Dataset records
⟨

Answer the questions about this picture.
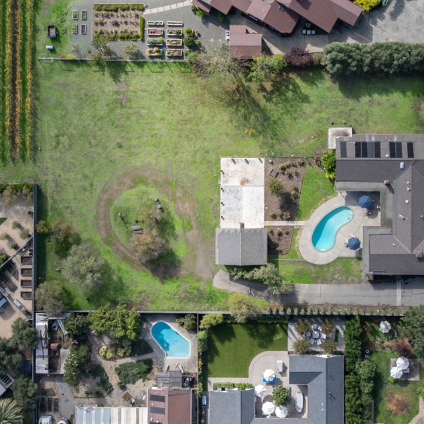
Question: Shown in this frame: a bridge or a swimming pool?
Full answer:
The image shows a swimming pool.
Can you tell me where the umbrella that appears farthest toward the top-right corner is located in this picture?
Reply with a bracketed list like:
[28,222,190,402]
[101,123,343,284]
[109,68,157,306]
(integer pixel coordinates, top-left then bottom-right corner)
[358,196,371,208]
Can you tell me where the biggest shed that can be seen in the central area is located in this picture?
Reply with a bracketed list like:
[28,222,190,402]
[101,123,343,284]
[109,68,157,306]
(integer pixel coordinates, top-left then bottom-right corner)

⟩
⟨

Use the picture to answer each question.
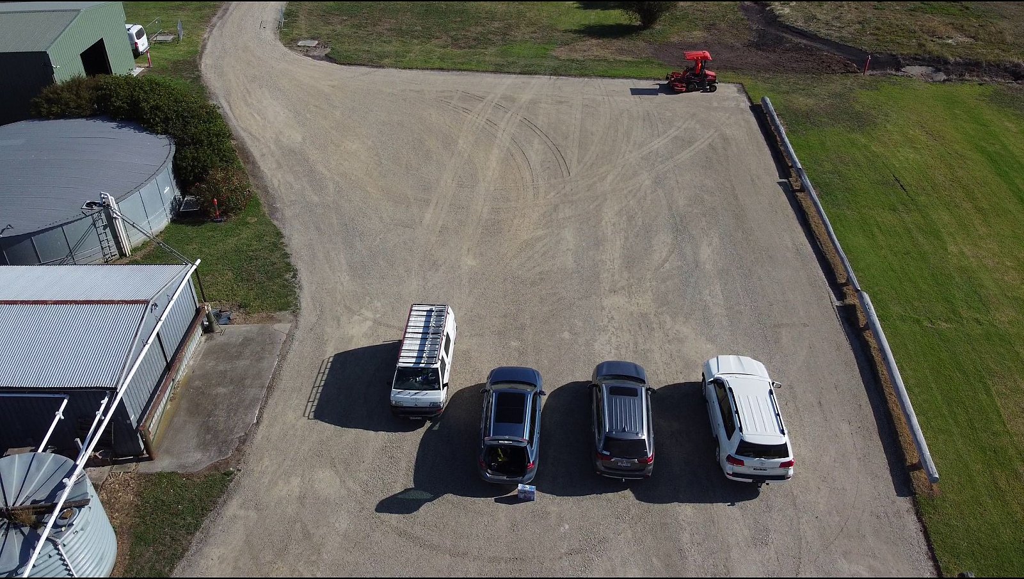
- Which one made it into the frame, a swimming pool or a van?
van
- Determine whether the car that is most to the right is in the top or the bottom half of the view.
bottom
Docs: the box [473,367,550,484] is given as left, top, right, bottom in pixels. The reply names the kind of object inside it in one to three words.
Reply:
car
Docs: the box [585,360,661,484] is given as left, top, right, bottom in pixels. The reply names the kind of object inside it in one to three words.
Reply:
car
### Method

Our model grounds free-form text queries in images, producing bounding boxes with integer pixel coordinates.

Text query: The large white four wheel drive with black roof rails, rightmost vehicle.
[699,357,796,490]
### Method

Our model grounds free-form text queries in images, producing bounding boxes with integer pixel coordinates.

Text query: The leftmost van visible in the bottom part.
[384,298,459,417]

⟩
⟨

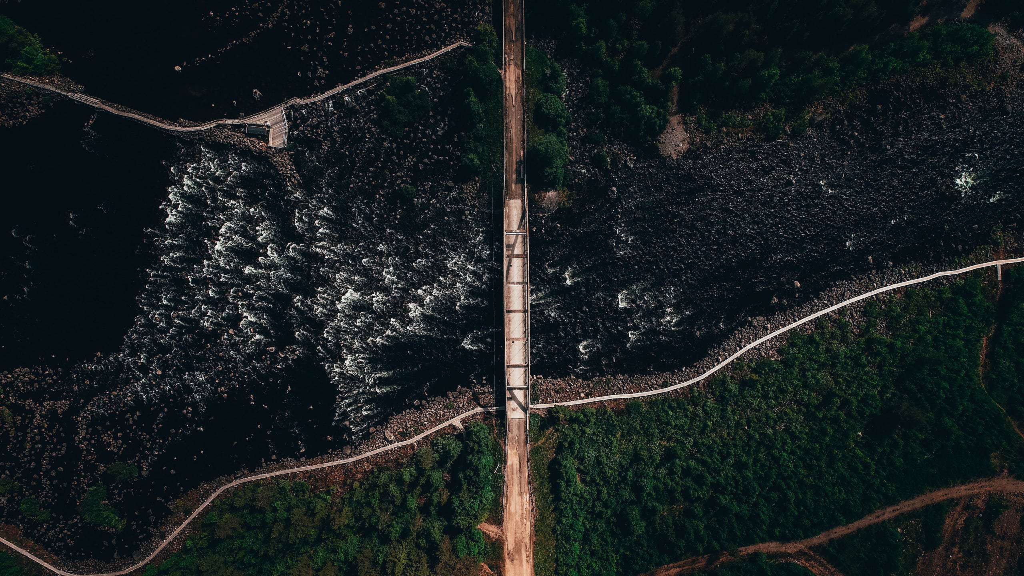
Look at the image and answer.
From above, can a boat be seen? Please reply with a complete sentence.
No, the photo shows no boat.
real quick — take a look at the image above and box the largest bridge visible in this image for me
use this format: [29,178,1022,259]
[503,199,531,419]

⟩

WORK ITEM = Please filter the entries for the word "inside" and copy the lines that have it.

WRITTEN ANSWER =
Docs: the box [473,367,550,484] is given as left, top, right, bottom in pixels. The reply names the kind of object inside it in one to three words.
Docs: the box [585,360,661,484] is given as left, top, right, bottom in pixels. The reply names the kind of object inside it in one to three words.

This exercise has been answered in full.